Following this methodology, we added up assets, income and taxes paid by affiliates to arrive at totals by country for each MNE group. We calculated the ETR by country for each MNE group by dividing the total tax paid by total income. Next, we ranked countries within each MNE by their ETR, and labelled the countries with the lowest ETRs and up to 20% of each MNEs assets as 'low-tax'.Footnote 11
Similarly, we calculated the profit rate by country for each MNE group by dividing the total income by total assets. We weighted profit rates for each affiliate in a 'low-tax' country by the total assets in that country and combined them into an average profit rate for each MNEs 'low-tax' affiliates.
Next, we added up assets and income by affiliates to arrive at totals for each MNE group, and calculated the overall profit rate for each MNE by dividing the total income by total assets. To obtain relative profit rates for each MNE, we divided the profit rate for the low- tax countries where the group had affiliates by the profit rate for the MNE as a whole.
Finally, we weighted each relative profit rate by the MNEs assets and combined these to obtain an overall average relative profit rate.Footnote 12 We repeated the exercise for each year from 2011 to 2016. As with Indicator 2A, results were variable year- over- year and we chose to present them for the period as a whole.Footnote13
We also calculated a weighted overall average relative profit rate for the 25% of MNEs with the highest relative profitability.
Section 3: MNE vs 'comparable' non-MNE effective tax rate differentials
BEPS Indicator 3: Effective tax rates of MNEs relative to non-MNE entities with similar characteristics
Unlike other BEPS indicators which focus on activities that reduce net income in countries where tax rates are high, Indicator 3 is designed to detect whether MNEs take advantage of their capacity to shift income to other jurisdictions, to minimize their tax rate. Lower ETRs for MNEs may also reflect non-BEPS behaviours such as the decision to carry out substiantial activity to benefit from certain preferential tax treatments (e.g. R&D tax subsidies, investment tax credits).

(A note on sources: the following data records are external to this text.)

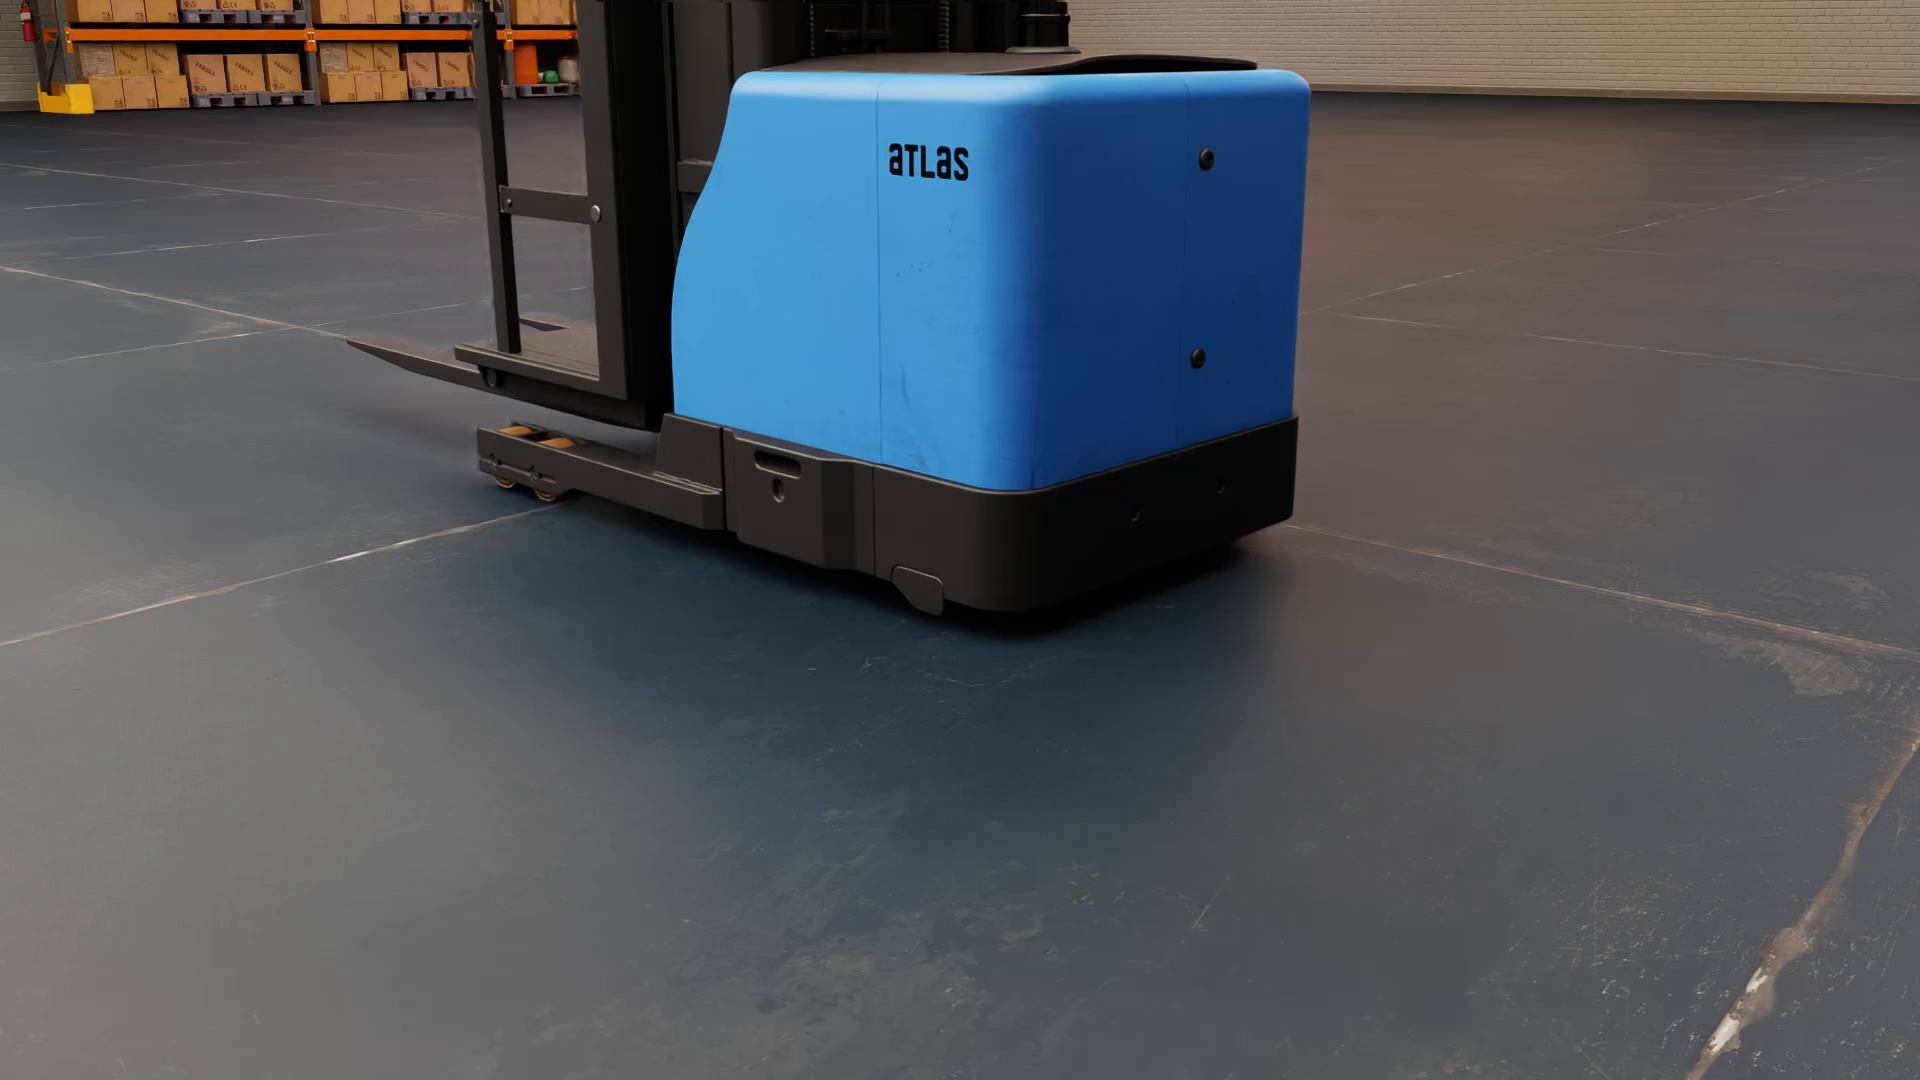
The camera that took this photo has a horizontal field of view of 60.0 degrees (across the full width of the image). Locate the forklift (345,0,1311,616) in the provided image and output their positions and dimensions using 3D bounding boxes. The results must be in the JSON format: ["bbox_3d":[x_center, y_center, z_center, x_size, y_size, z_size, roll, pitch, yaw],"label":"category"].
[{"bbox_3d":[-0.631,-1.594,4.149,3.031,2.935,1.130,16,23,41],"label":"forklift"}]
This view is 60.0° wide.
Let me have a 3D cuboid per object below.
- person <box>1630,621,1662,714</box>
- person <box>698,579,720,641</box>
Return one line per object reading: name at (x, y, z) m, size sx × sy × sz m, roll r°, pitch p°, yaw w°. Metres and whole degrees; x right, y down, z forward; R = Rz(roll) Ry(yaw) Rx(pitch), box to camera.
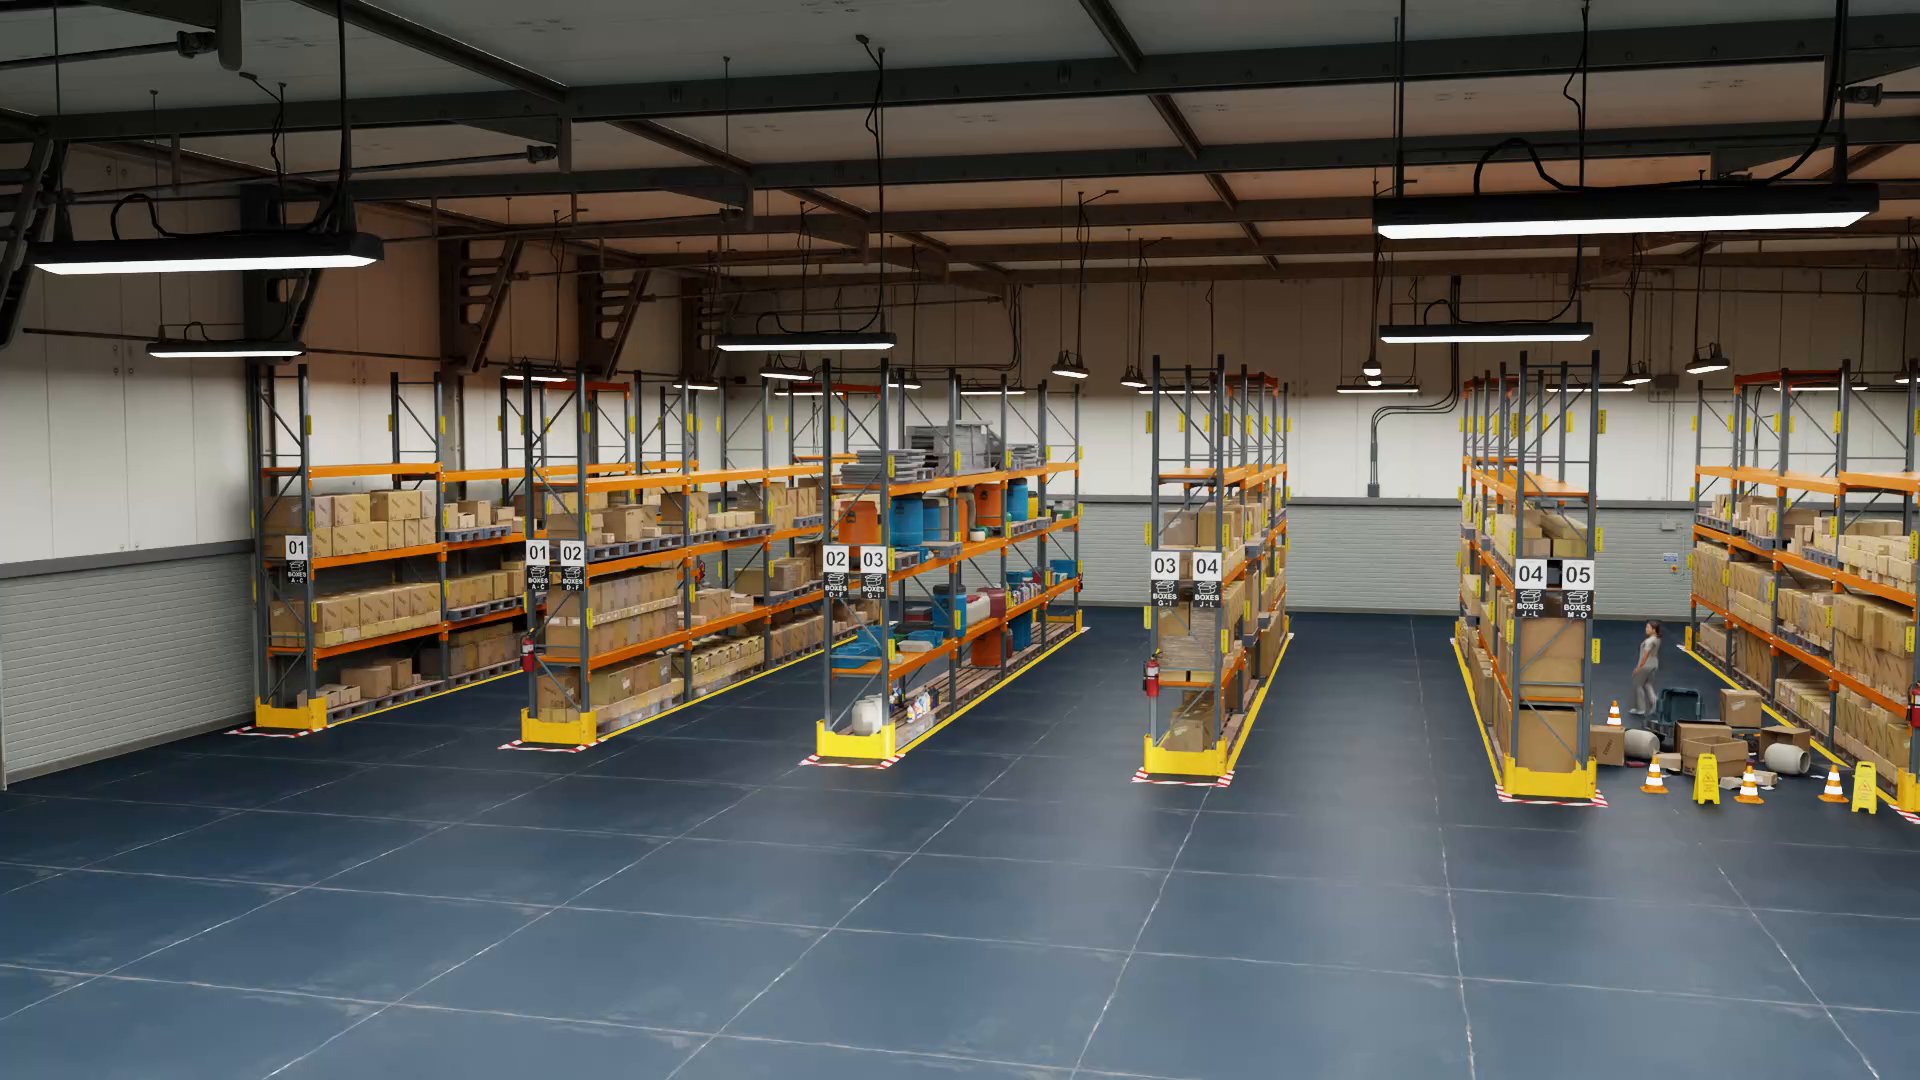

The indicator compares ETRs for two types of MNEs operating in Canada to ETRs for comparable enterprises without subsidiaries or parents abroad.
Data sources: We used consolidated financial statements of enterprises operating in Canada from the Annual Financial Taxation Statistics program, specifically the financial variables total assets, net income before taxes, and federal tax payable for 2011 to 2016. These data are consolidated at the enterprise level and cover activities that are 'booked in Canada'.
We also used a new 'flag' to identify MNEsFootnote 14 which was developed in collaboration with Statistics Canada's International Accounts and Trade Division. It relies on tax data to identify MNEs with affiliates abroad, and the data collected under the Corporate Returns Act to identify enterprises with foreign parents.
Methodology: The methodology for this indicator is adapted from Indicator 4 in Action 11 of the OECD's BEPS Action Plan. The OECD study used data from unconsolidated financial statements of MNEs and non-MNEs worldwide (OECD 2015).
To recreate this indicator for Canada, we set up the data for analysis by labelling enterprises as 'large' if they had over 25 million in total assetsFootnote 15. Following OECD methodology, we dropped all observations with negative total assets, net income, and taxes.
We calculated ETRFootnote 16 and profit rate for each enterprise, and sorted enterprises into six groups based on their characteristics: non-MNEs or enterprises without affiliates abroad (large and small), and two types of MNEs: Canadian- owned enterprises with one or more foreign affiliates (large and small) and foreign- owned enterprises (large and small). To discover whether differences between these 6 groups were statistically significant, we ran a regression that controlled for industry and profitability.Footnote 17
We present our findings as the differential between ETRs for comparable MNEs and non-MNEs for 2016, because results were stable year-over-year.